Which brings me to that friend and those IMs. The programs i used saved chats, and lately (stupidly really) i've been re-reading them. Partly because i really miss her after her suicide, partly because i'm really missing having someone to talk with like we did, and who knows why else really. It was awesome to have someone who thought the same way most of the time, knew what i was thinking before i said it, and the other way around too. It's actually difficult to remember what it was like not having someone like that to talk to, how it was before her in my life. Even though it's now back to that, not having someone like that. I could tell her anything, and she could tell me anything, and we would understand.

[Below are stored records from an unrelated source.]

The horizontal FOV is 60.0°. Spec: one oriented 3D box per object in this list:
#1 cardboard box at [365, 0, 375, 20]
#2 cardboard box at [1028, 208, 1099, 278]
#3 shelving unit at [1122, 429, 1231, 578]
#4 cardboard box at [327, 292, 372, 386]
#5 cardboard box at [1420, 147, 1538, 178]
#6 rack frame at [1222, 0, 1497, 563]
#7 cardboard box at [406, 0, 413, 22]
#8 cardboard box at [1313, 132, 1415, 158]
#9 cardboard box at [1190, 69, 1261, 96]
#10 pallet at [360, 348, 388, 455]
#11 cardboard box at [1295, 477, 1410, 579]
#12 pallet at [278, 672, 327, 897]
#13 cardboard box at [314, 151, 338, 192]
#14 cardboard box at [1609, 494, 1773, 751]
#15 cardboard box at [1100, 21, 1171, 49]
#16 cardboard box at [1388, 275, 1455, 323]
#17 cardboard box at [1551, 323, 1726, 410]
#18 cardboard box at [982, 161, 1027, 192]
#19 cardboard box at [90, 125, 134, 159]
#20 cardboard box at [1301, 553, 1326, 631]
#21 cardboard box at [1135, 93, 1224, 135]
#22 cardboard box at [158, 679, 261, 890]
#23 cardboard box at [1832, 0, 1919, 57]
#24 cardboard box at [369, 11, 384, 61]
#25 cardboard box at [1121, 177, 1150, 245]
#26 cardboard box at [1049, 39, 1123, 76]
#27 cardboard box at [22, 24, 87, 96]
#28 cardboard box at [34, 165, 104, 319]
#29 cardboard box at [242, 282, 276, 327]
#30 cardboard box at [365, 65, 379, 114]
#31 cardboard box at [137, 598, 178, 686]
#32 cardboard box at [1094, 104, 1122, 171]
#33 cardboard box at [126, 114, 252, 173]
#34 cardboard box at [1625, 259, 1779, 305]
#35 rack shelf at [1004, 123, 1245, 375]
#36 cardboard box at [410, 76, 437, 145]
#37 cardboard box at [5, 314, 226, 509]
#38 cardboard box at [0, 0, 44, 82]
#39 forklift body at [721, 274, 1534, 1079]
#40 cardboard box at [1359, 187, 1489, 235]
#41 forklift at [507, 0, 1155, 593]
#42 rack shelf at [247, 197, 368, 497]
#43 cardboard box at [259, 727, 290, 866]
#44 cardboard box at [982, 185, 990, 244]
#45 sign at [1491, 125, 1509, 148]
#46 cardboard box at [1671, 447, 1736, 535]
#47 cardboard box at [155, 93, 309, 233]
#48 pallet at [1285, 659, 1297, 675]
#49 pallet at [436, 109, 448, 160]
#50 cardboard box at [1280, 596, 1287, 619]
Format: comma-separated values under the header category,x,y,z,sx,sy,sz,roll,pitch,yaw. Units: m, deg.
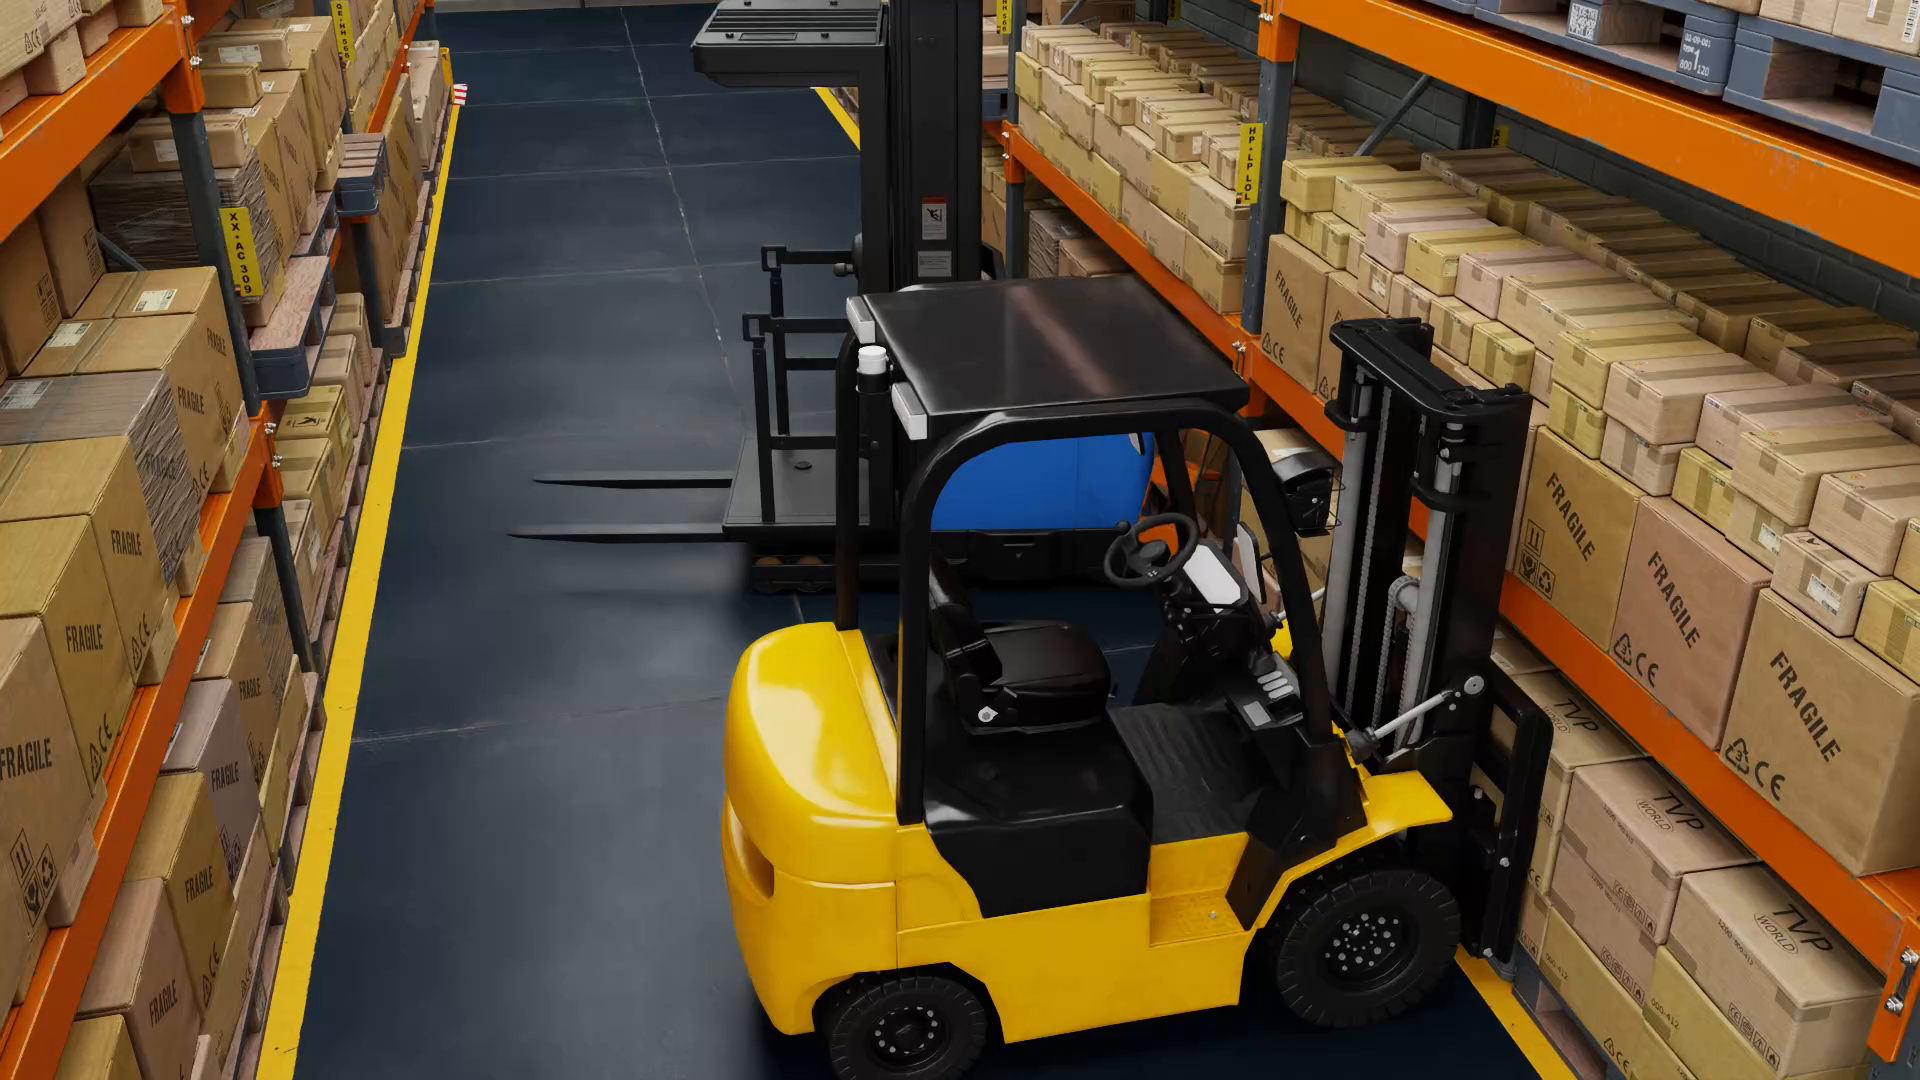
category,x,y,z,sx,sy,sz,roll,pitch,yaw
cardboard box,-4.240,-3.752,11.134,0.500,0.500,0.500,-6,27,-11
cardboard box,0.929,-1.710,10.479,0.875,0.625,0.625,-5,27,-10
shelving unit,1.015,-0.242,7.541,0.252,1.050,0.215,24,16,39
cardboard box,-3.916,-1.118,9.586,0.950,0.372,0.625,-8,28,-15
cardboard box,2.069,-1.460,6.652,0.380,0.149,0.250,-6,27,-11
rack frame,1.703,-1.102,7.104,1.000,3.000,0.127,-6,27,-12
cardboard box,-4.895,-4.607,13.938,0.500,0.500,0.500,-6,27,-11
cardboard box,1.823,-1.735,7.528,0.380,0.149,0.250,-7,28,-13
cardboard box,1.437,-2.398,8.841,0.380,0.149,0.250,-5,27,-10
pallet,-3.859,-0.764,9.530,1.003,0.211,1.213,-6,27,-12
cardboard box,1.612,-0.039,6.473,0.500,0.250,0.500,-6,27,-12
pallet,-2.947,0.940,6.154,1.003,0.211,1.213,-6,27,-12
cardboard box,-3.375,-1.861,8.420,0.380,0.149,0.250,-5,27,-11
cardboard box,2.130,0.191,4.431,0.500,0.500,0.500,-5,27,-10
cardboard box,1.072,-3.070,10.173,0.380,0.149,0.250,-5,27,-10
cardboard box,1.705,-0.813,5.702,0.380,0.149,0.250,-6,27,-12
cardboard box,1.933,-0.499,4.749,0.380,0.149,0.250,-5,27,-11
cardboard box,0.352,-2.527,11.516,0.380,0.149,0.250,-7,28,-14
cardboard box,-3.573,-1.358,6.705,0.500,0.500,0.500,-6,27,-11
cardboard box,1.627,0.179,6.596,0.500,0.250,0.500,-6,27,-12
cardboard box,1.093,-2.122,8.294,0.380,0.149,0.250,-6,27,-11
cardboard box,-2.505,0.788,5.112,0.500,0.500,0.500,-5,27,-9
cardboard box,2.122,-1.138,3.549,0.380,0.149,0.250,-7,28,-13
cardboard box,-4.225,-3.427,11.323,0.500,0.250,0.500,-5,27,-11
cardboard box,1.134,-1.671,8.398,0.500,0.250,0.500,-6,27,-11
cardboard box,0.731,-2.795,9.628,0.380,0.149,0.250,-5,27,-10
cardboard box,-2.546,-1.263,4.372,0.380,0.149,0.250,-5,27,-10
cardboard box,-3.244,-1.005,5.361,0.700,0.500,0.500,-6,27,-12
cardboard box,-2.949,-0.946,6.609,0.380,0.149,0.250,-6,27,-11
cardboard box,-4.144,-2.980,10.992,0.500,0.250,0.500,-5,27,-10
cardboard box,-2.409,0.296,4.613,0.380,0.149,0.250,-6,27,-11
cardboard box,1.015,-2.121,8.736,0.500,0.250,0.500,-6,27,-11
cardboard box,-2.894,-1.493,6.253,0.380,0.149,0.250,-6,27,-12
cardboard box,2.353,-0.780,5.305,0.380,0.149,0.250,-5,27,-10
rack shelf,1.252,-1.659,9.006,1.077,0.370,4.000,-6,27,-12
cardboard box,-5.175,-3.832,14.890,0.875,0.438,0.875,-7,28,-13
cardboard box,-2.667,-0.379,5.230,0.500,0.500,0.500,-5,27,-10
cardboard box,-2.426,-1.166,3.739,0.500,0.250,0.500,-5,27,-10
forklift body,0.399,0.386,5.099,2.313,2.155,1.214,-6,27,-12
cardboard box,1.699,-1.182,6.103,0.380,0.149,0.250,-6,27,-13
forklift,-0.625,-1.302,7.576,3.031,2.935,1.130,-1,27,-1
rack shelf,-3.583,-1.153,8.004,1.077,0.370,4.000,-6,27,-12
cardboard box,-2.607,0.909,5.706,0.500,0.250,0.500,-7,28,-13
cardboard box,0.394,-2.314,11.814,0.500,0.500,0.500,-6,27,-12
sign,2.243,-1.581,7.005,0.100,0.325,0.005,-6,27,-12
cardboard box,2.123,-0.143,4.374,0.380,0.149,0.250,-6,27,-12
cardboard box,-3.170,-1.634,7.252,0.500,0.500,0.500,-6,27,-12
pallet,1.841,0.496,7.033,1.003,0.211,1.213,-6,27,-12
pallet,-5.309,-3.742,15.429,1.003,0.211,1.213,-6,27,-12
cardboard box,1.619,0.405,6.703,0.500,0.250,0.500,-7,28,-13

I have to admit i was very envious at those she dated and married, although it would have probably ruined what we had. I have no idea. I do wonder if a lot of people who are married have that, or if i'm just idealizing that. Probably not, as the divorce rate is so high. It was nice to have a friend that i would do anything for though, although i also felt that for those i dated.

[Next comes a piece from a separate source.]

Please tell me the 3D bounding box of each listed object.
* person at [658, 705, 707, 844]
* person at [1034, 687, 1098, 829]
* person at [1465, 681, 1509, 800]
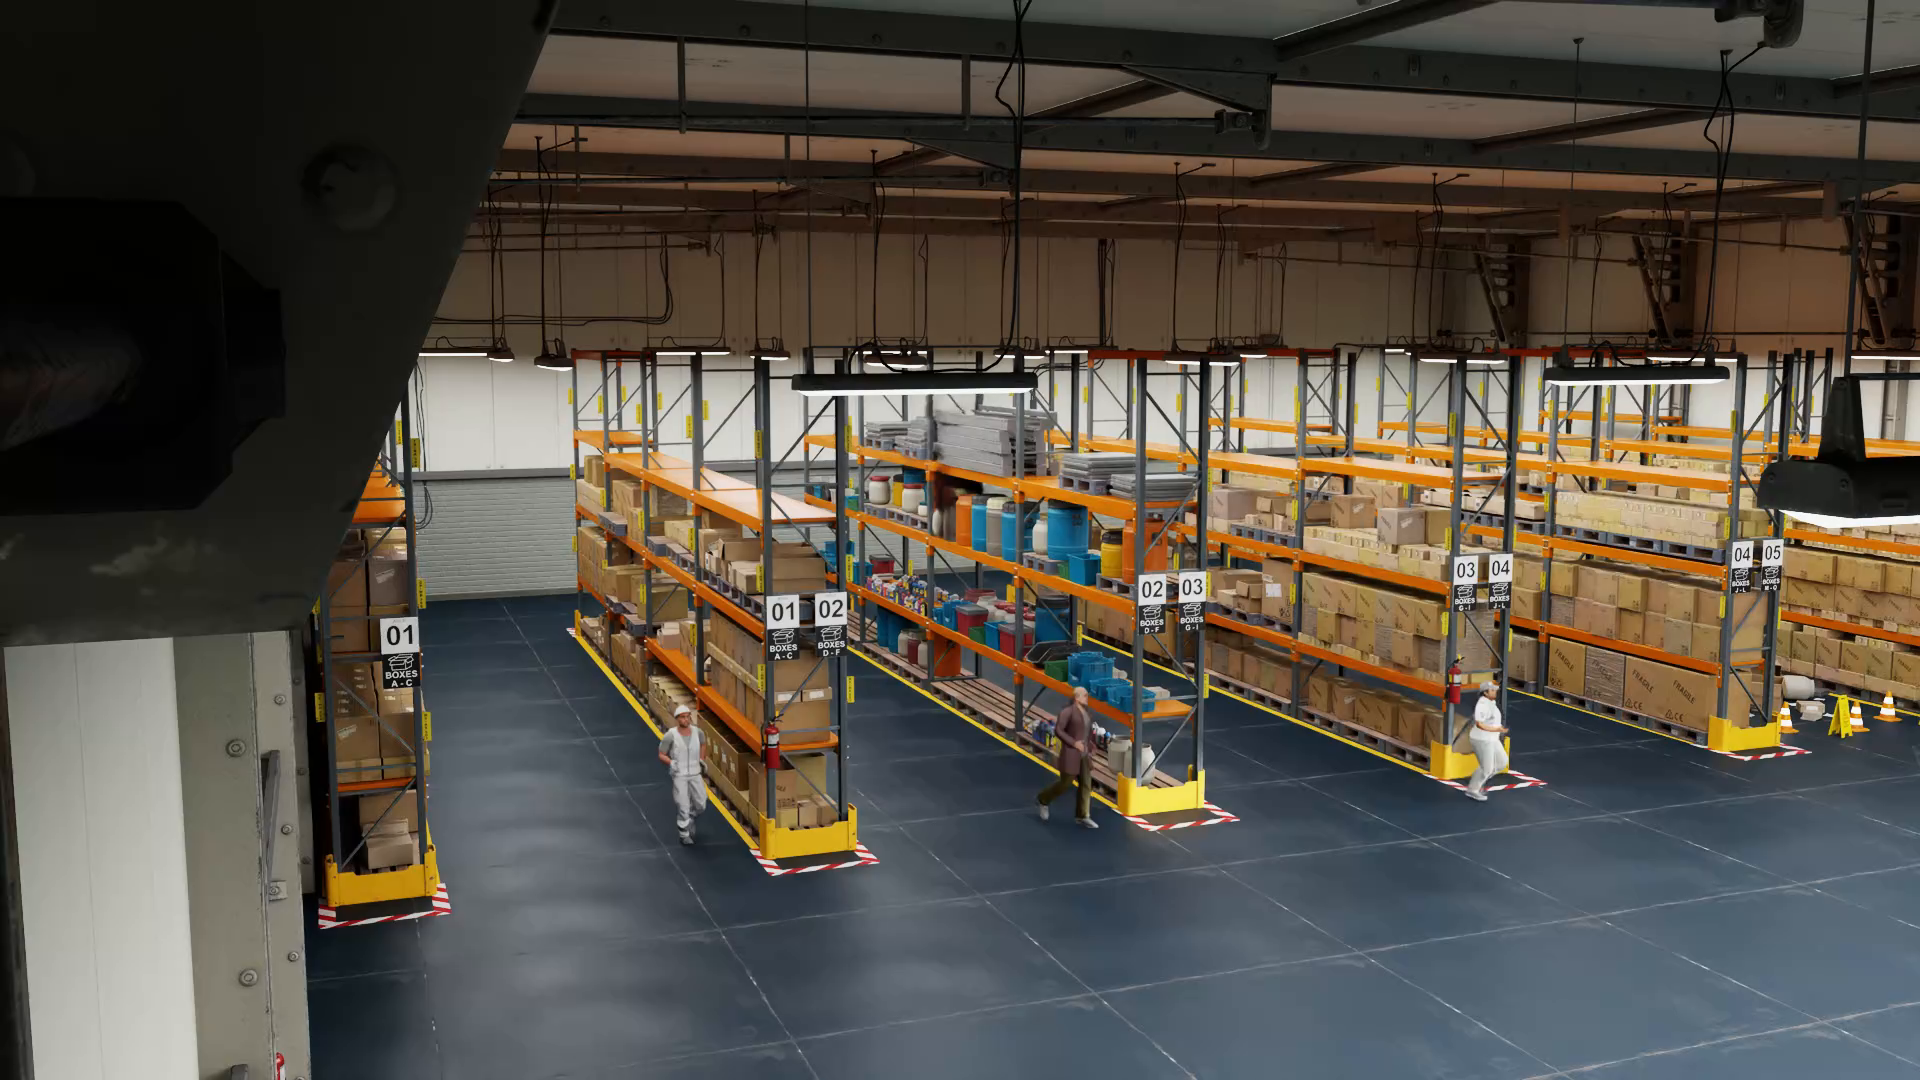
[{"bbox_3d":[-3.382,2.911,20.585,0.649,1.739,0.601,-4,8,-27],"label":"person"},{"bbox_3d":[1.508,2.773,21.577,0.950,1.759,0.766,6,10,42],"label":"person"},{"bbox_3d":[7.182,2.715,22.575,0.553,1.632,0.603,4,8,30],"label":"person"}]

Which brings me to an odd thing i've been feeling confused about too. I keep hearing how there are all these women who would just like someone to take care of them, yet can't find one to save my life. Maybe it's my geekiness, or oddness, or maybe my standards just went up a whole lot and i don't want to settle with just someone who would just use me. That's not to say i've never dated, i've had 15 girlfriends over the years, but since my last, it's been a dry spell. Honestly though, i did really love her, and it hurt a lot to not have her in my life. I probably could have handled it better (doubt i could have handled it worse really). So i have only myself to blame there. I'm probably not in the best area to find a geek girl, who likes rabbits (and holy crap do people around here like to tell stories about hurting rabbits when they find you have them, wtf people?? Do i tell stories about kids being abducted and laugh about it when i hear you have kids? No!) I probably didn't do myself any favors by having a vasectomy, seems a lot my age want kids, and not being able to have them is a deal breaker for them. Guess i am just going to have to resign myself to being the crazy bunny man (my version of the crazy cat lady i suppose.) Still, while driving around today looking for something to photograph (i failed to be inspired by the way) i thought how much more fun it is to do things like that with someone special.

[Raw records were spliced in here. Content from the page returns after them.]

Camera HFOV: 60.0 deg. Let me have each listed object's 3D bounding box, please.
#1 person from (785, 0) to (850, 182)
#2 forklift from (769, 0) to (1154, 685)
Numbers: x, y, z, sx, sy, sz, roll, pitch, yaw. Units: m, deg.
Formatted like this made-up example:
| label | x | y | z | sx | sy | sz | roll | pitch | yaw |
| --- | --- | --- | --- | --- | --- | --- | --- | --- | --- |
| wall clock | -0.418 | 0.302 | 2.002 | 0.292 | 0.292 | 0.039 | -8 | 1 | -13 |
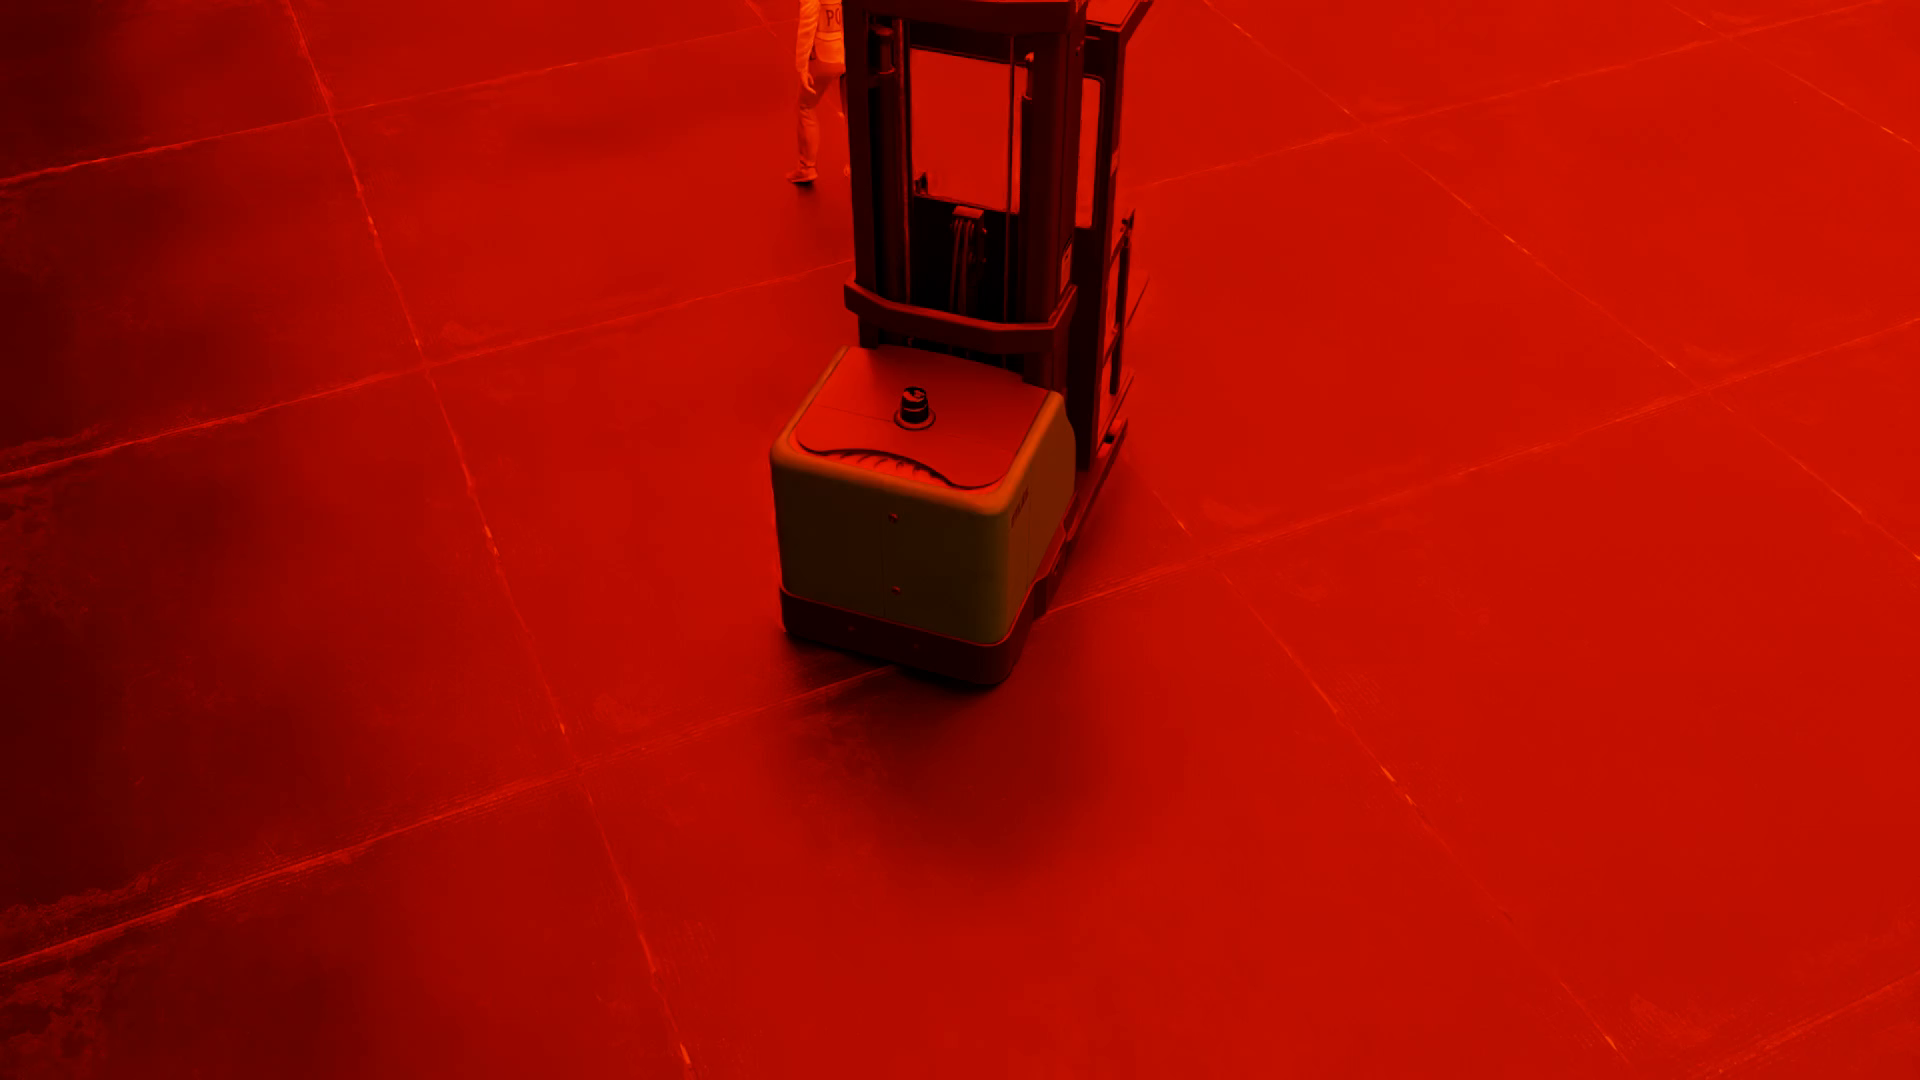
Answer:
| label | x | y | z | sx | sy | sz | roll | pitch | yaw |
| --- | --- | --- | --- | --- | --- | --- | --- | --- | --- |
| person | -0.748 | -2.819 | 9.676 | 0.579 | 1.721 | 0.498 | -25 | 48 | -24 |
| forklift | 0.195 | -1.475 | 7.261 | 1.130 | 2.935 | 3.031 | 14 | 45 | 14 |

A side note here, i used to be terribly shy. Now i tend to try to talk to people, but get almost paralyzed when people want to come over or i have to go out. I think that's a part of being a hermit for so damn long. I have lost that social "instinct". I just have no idea what people "do". I know what i do, but that is not what most do. Last person to spend any significant time here was my best friend, and i still felt awkward and unsure how to entertain her or what to do. I eat when i'm hungry, what i'm craving most likely, watch what i want, sleep when tired, etc. I also realize thats something good about being single, i don't bother someone else when i do that. I know it bugged my ex. That's something else the depression doesn't help. I tend to get obsessed with something, immerse myself in it deeply, sometimes going a bit overboard. (the several capped warcraft characters is one example, just looking at the books i have is another.) My depression also has a weird effect of making time seem to flow weirdly, i don't really notice it.

Anyway, it seems that i keep seeing people in jail having someone, so what's the deal with that? Am i that repulsive somehow lately? Probably not good to dwell on it though. I also tend to get really down on myself when i get depressed.

I should be sleeping. I'm tired, but can't, my brain won't shut up enough. Good times eh?